Reproduce verbatim only the line that holds "text Voor het" and the lines that follow it to the end of the listing.

*** RECORDED DATA Section Begins ***

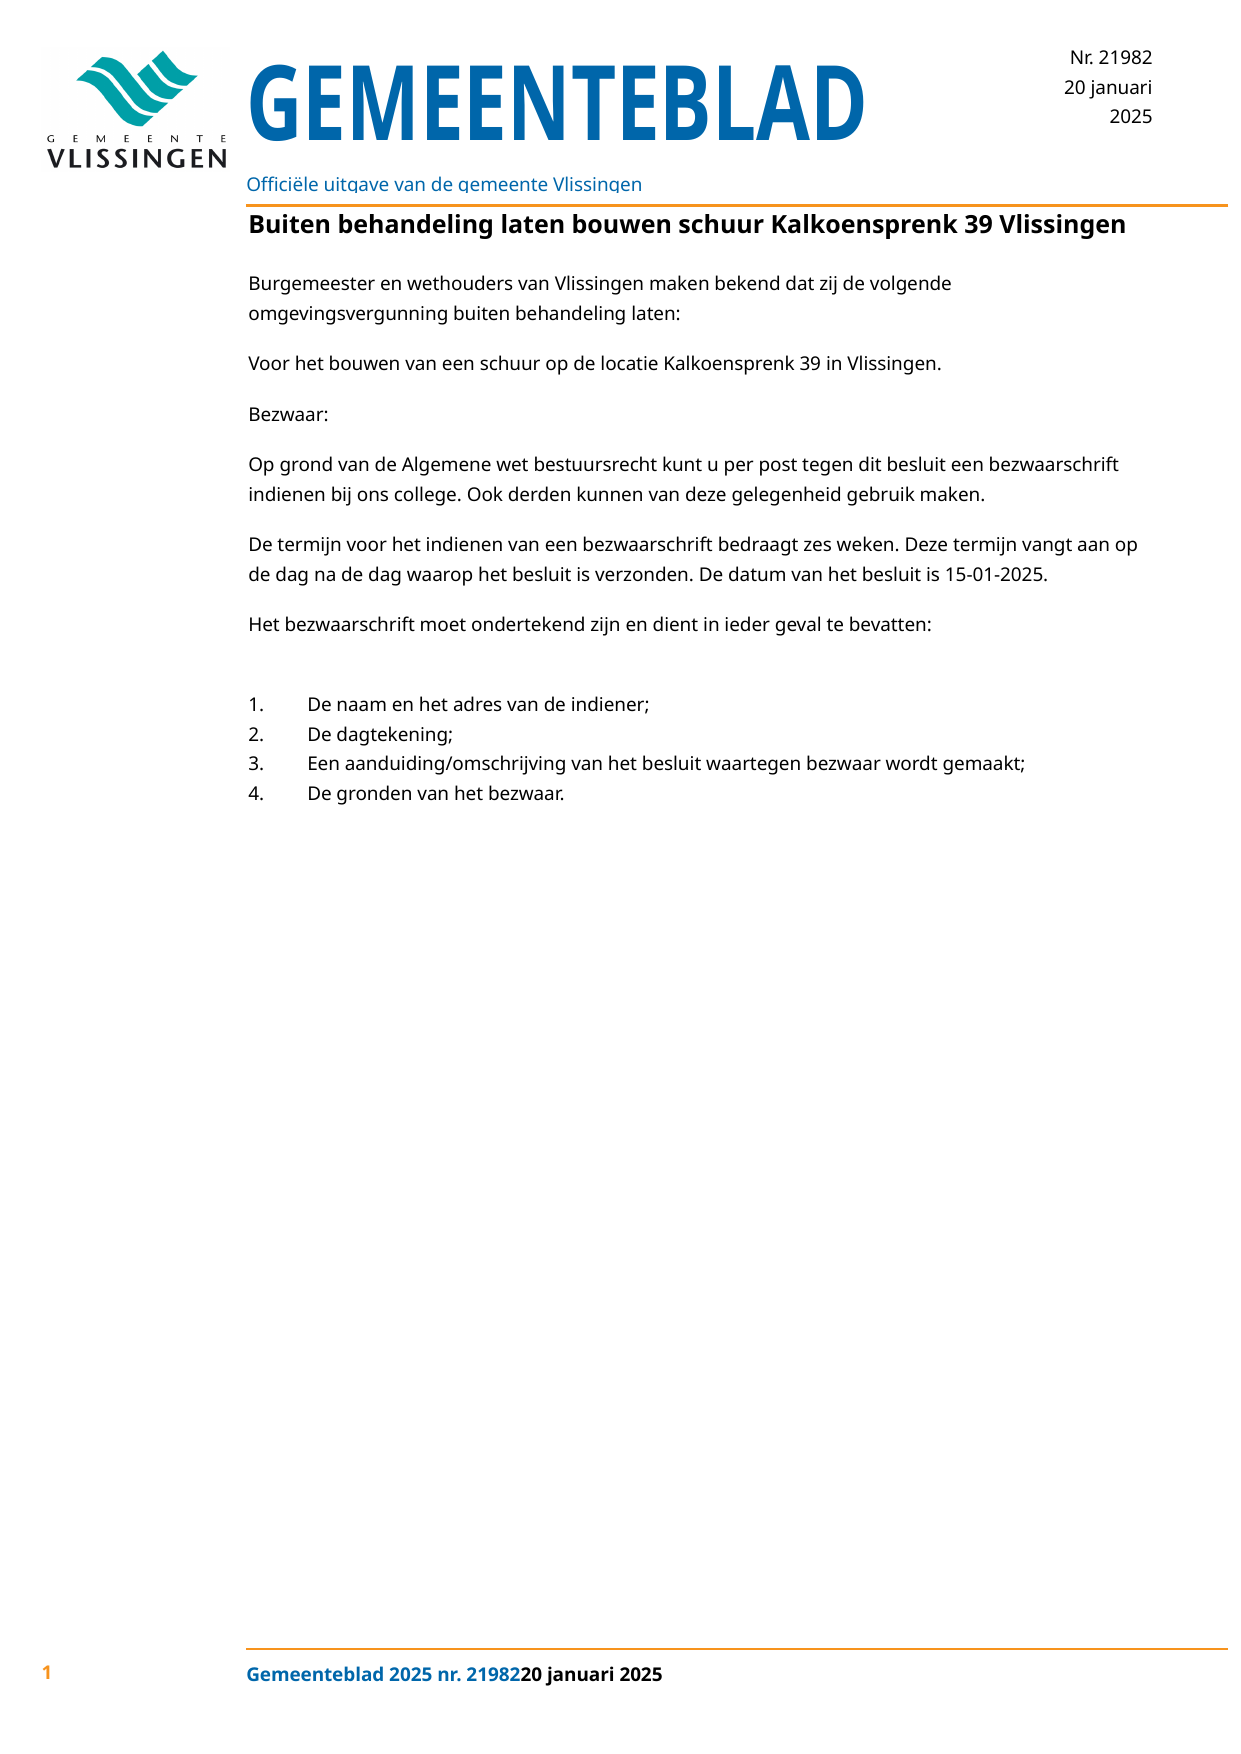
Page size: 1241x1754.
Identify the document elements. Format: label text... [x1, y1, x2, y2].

text Buiten behandeling laten bouwen schuur Kalkoensprenk 39 Vlissingen [248, 207, 1152, 241]
text Bezwaar: [248, 401, 1152, 426]
list De gronden van het bezwaar. [248, 780, 1152, 806]
text De termijn voor het indienen van een bezwaarschrift bedraagt zes weken. Deze termijn vangt aan op de dag na de dag waarop het besluit is verzonden. De datum van het besluit is 15-01-2025. [248, 531, 1152, 586]
picture [41, 47, 231, 172]
text Het bezwaarschrift moet ondertekend zijn en dient in ieder geval te bevatten: [248, 611, 1152, 637]
text Op grond van de Algemene wet bestuursrecht kunt u per post tegen dit besluit een bezwaarschrift indienen bij ons college. Ook derden kunnen van deze gelegenheid gebruik maken. [248, 451, 1152, 506]
text Voor het bouwen van een schuur op de locatie Kalkoensprenk 39 in Vlissingen. [248, 350, 1152, 376]
list De dagtekening; [248, 721, 1152, 746]
list Een aanduiding/omschrijving van het besluit waartegen bezwaar wordt gemaakt; [248, 750, 1152, 776]
list De naam en het adres van de indiener; [248, 691, 1152, 717]
text Burgemeester en wethouders van Vlissingen maken bekend dat zij de volgende omgevingsvergunning buiten behandeling laten: [248, 270, 1152, 326]

*** RECORDED DATA Section Ends ***

» **PROBLEM SOLUTION**:
text Voor het bouwen van een schuur op de locatie Kalkoensprenk 39 in Vlissingen. [248, 350, 1152, 376]
list De dagtekening; [248, 721, 1152, 746]
list Een aanduiding/omschrijving van het besluit waartegen bezwaar wordt gemaakt; [248, 750, 1152, 776]
list De naam en het adres van de indiener; [248, 691, 1152, 717]
text Burgemeester en wethouders van Vlissingen maken bekend dat zij de volgende omgevingsvergunning buiten behandeling laten: [248, 270, 1152, 326]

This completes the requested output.